En ese sentido, los expertos en China sostienen que el PCch podría justificar el cambio constitucional para extender los mandatos en el marco de la visión que tiene Xi sobre establecer una sociedad próspera para 2050.

“Ahora bien, un tercer mandato no es lo mismo que la permanencia de por vida en el poder como ocurría prácticamente durante el maoísmo. En cualquier caso es una manifestación de los riesgos que encara la política china”, agregó Xulio Ríos. Para Patrick Baert, corresponsal de France Presse en Beijing, “desde su llegada a la cabeza del partido, en 2012, Xi Jinping concentra todos los poderes como ningún otro líder chino había hecho en los últimos 25 años”. Ello, por encima de sus dos predecesores, Jiang Zemin (1993-2003) y Hu Jintao (2003-2013).

Hombres clave

En octubre pasado también quedó conformada la nueva estructura del Comité Permanente del Politburó, el organismo más importante después del Secretario General (Xi Xinping). Además de Xi, está compuesto por otros seis dirigentes chinos. A excepción del premier Li Keqiang y de Wang Yang, considerado uno de los principales reformadores en el liderazgo chino, que responden a la facción del ex Presidente Hu Jintao, el resto forma parte del círculo de Xi.

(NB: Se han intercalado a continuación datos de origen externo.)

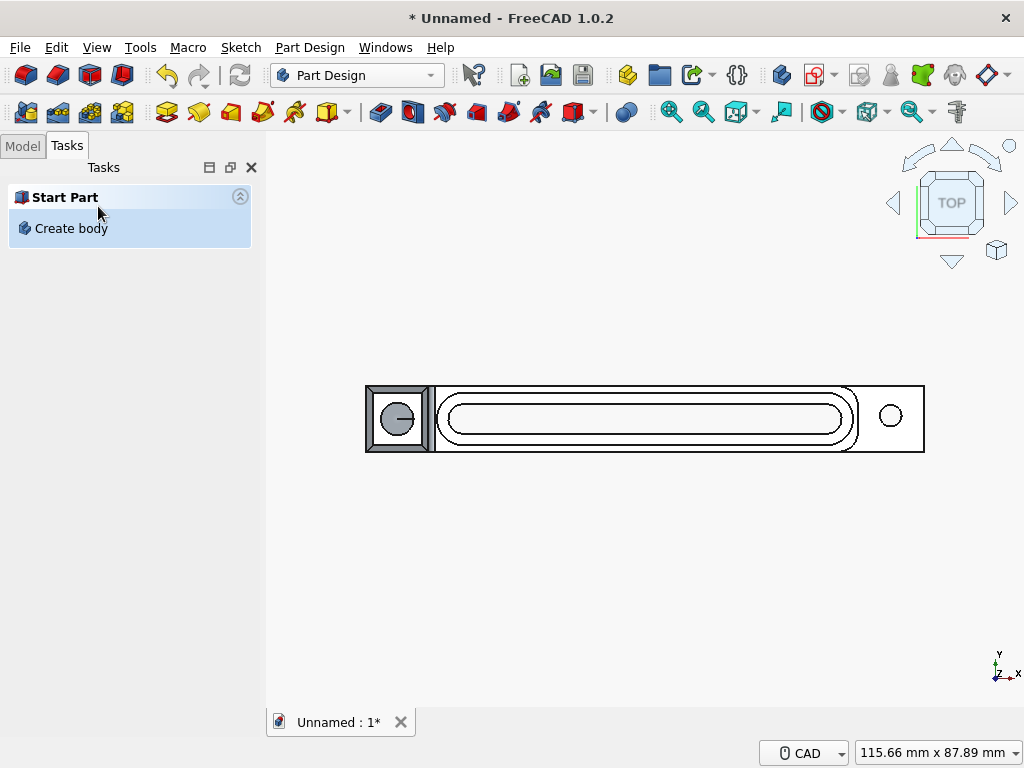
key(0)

En otra muestra del enorme poder del Presidente, los analistas también destacan que Xi debería lograr que otro de sus cercanos, Li Zhanshu, sea el titular de la Asamblea Nacional Popular. Li es considerado como la “eminencia gris” del mandatario y en octubre escaló a “número tres” del régimen, detrás del Presidente y de Li Kekiang (ver infografía).

Pero hay más. Según el diario The New York Times, en lo que podría ser otro quiebre de la tradición, Wang Qishan, quien ha encabezado la lucha contra la corrupción y las “deslealtades” partidistas, podría regresar en gloria y majestad como Vicepresidente.

El “zar anticorrupción”, cuya razia le ha costado la carrera política a 250 altos cargos chinos, como Bo Xilai, no fue incluido en octubre en el poderoso Comité Permanente del Politburó. Ello, debido a su edad: 69 años. La normativa no escrita del partido establece que los dirigentes deben abandonar sus cargos a los 68 años. Wang es un hombre de máxima confianza de Xi Jinping.
“Desafortunadamente, esto significa que China, al igual que la Unión Soviética en su momento, no ha podido resolver el problema de la sucesión institucionalizada. Las posibles ramificaciones para el mundo son enormes”, advirtió el experto Jude Blanchette, citado por el diario The Washington Post.